Au Mali et presque  dans tous les pays du monde, le football est le sport le plus populaire mobilisant plus de pratiquants que toute autre discipline. Le football ou sport roi est plus qu’un simple jeu. Il peut servir à rapprocher les communautés et les peuples. Il apparait comme un puissant facteur d’intégrations et de consolidation de la paix et la cohésion sociale, surtout dans les pays touchés par des conflits armés.  Ne dit-on pas très souvent  que le football est un vecteur de paix et de développement ? Cependant, la pratique du sport roi peut faire déchainer dangereusement des passions nationalistes et exacerber des xénophobies entrainant des violences aveugles.

Tout le monde sportif reconnait que ce sont surtout le langage et l attrait universels  qui confèrent au sport roi un pouvoir et une portée unique. Les dirigeants du monde entier ont pleinement conscience de l’importance capitale  du rôle que peut et doit jouer le sport roi.

C’est ainsi que l’on a organisé  à travers le monde des matchs de football dédiés entièrement à la paix et à l’entente entre des communautés, des régions  d’un même pays ou entre des pays différents. Des protagonistes et des ennemis irréductibles  se regardant en chien de faïence ont pu se rencontrer et se parler grâce au langage universel du football.  Parmi ces matchs, on peut citer entre autres :

– Le match entre la Turquie et l’Arménie ;

– Le match de gala pour la paix à Bouaké ;

– Le tournoi de la paix au Nord – Kivu (R D. Congo)

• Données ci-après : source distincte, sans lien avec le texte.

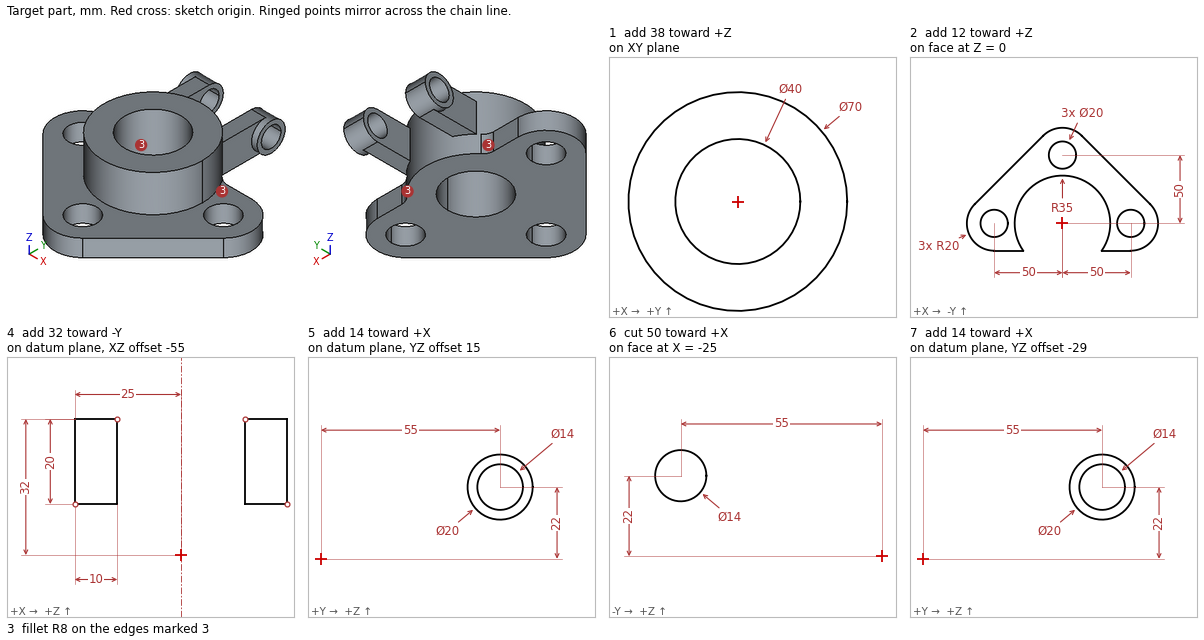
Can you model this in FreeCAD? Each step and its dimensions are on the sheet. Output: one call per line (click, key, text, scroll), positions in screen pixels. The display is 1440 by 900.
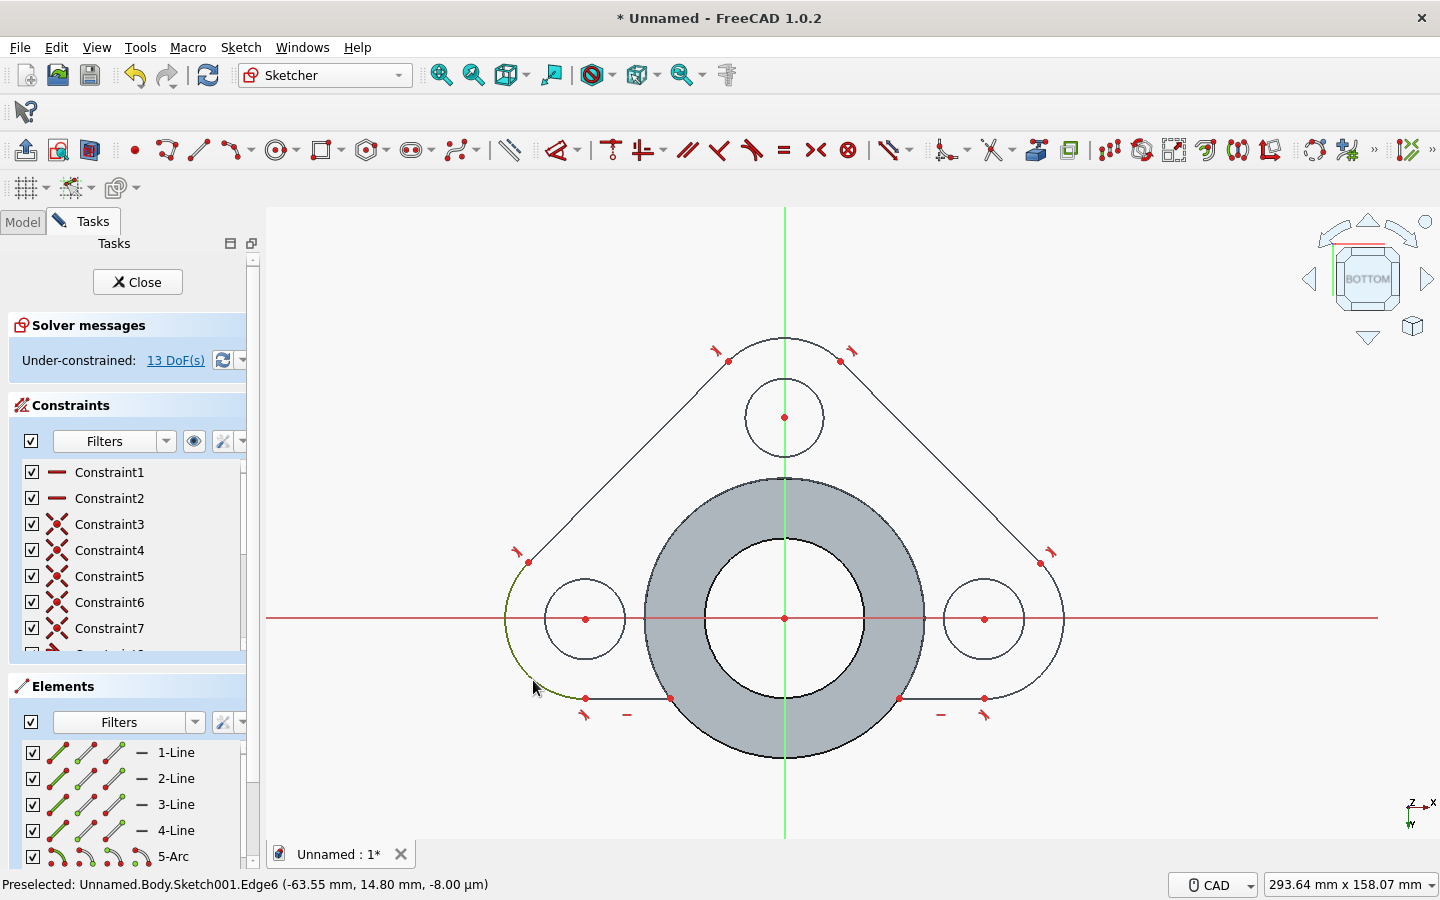
click(809, 342)

D’autres grands matchs de la paix profilent à l’horizon. A l’initiative du  Pape François, le “match  interreligieux pour la paix” se prépare, avec une cinquantaine de stars du football mondial en activité ou à la  retraite, pour promouvoir la paix et la tolérance. Très prochainement, la FIFA, l’instance dirigeante du football mondial, soutiendra  l’organisation  d’un match de football entre Israël et la Palestine, deux pays voisins et ennemis irréductibles. Ici comme ailleurs, c’est le pouvoir du football, à travers son langage universel qui s’exercera et s’imposera à tous.

Pour la résolution de la crise au Nord, nous proposons en appui à l’Accord pour la paix et la réconciliation nationale, un match de la paix à Kidal avec l’équipe nationale de football. Ce grand match peut être précédé d’un tournoi de la paix regroupant Gao, Tombouctou et Kidal.

S’agissant du contexte malien, le football s’impose et est incontestablement le sport roi. C’est aussi le sport le mieux financé tant par le gouvernement (à travers l’argent du contribuable) que par les partenaires (à travers le sponsoring). En termes de résultats et de performance, il se classe en deuxième position après le basketball.

C’est ce football qui fait face depuis plus d’une décennie à des crises récurrentes annihilant les efforts remarquables du gouvernement  et ceux des personnes de bonne volonté et des sponsors à l’endroit du sport roi. Le football malien est malade de sa longue crise. Cette crise est alimentée par deux clans qui se battent l’un contre l’autre, s’entredéchirent et se positionnent en ennemis irréductibles. Le problème principal de ce bras de fer est la relégation de 4 clubs en division 2 (Djoliba, CSK, Avenir de Tombouctou, le COB), en vertu du règlement spécial de la FEMAFOOT.

A l’analyse, on peut  constater que les protagonistes :

– Sont tous des hauts cadres maliens ayant tous servi ce pays (ancien Ministre, Président ou ancien Président de la FEMAFOOT, ancien footballeurs, administrateurs de sport, dirigeant de club , de Ligue ou de la FEMAFOOT etc.) ;

– Sont tous animés d’une même volonté qui est de servir le football malien et de se servir de lui ;

– Sont prêts à mettre l’intérêt national au-dessus de tout ;

– Ont la même vision pour le football, celle d’assurer son développement et son rayonnement ;

– Mènent une guerre fratricide autour du football malien (aucun autre pays n’étant concerné de près ou de loin).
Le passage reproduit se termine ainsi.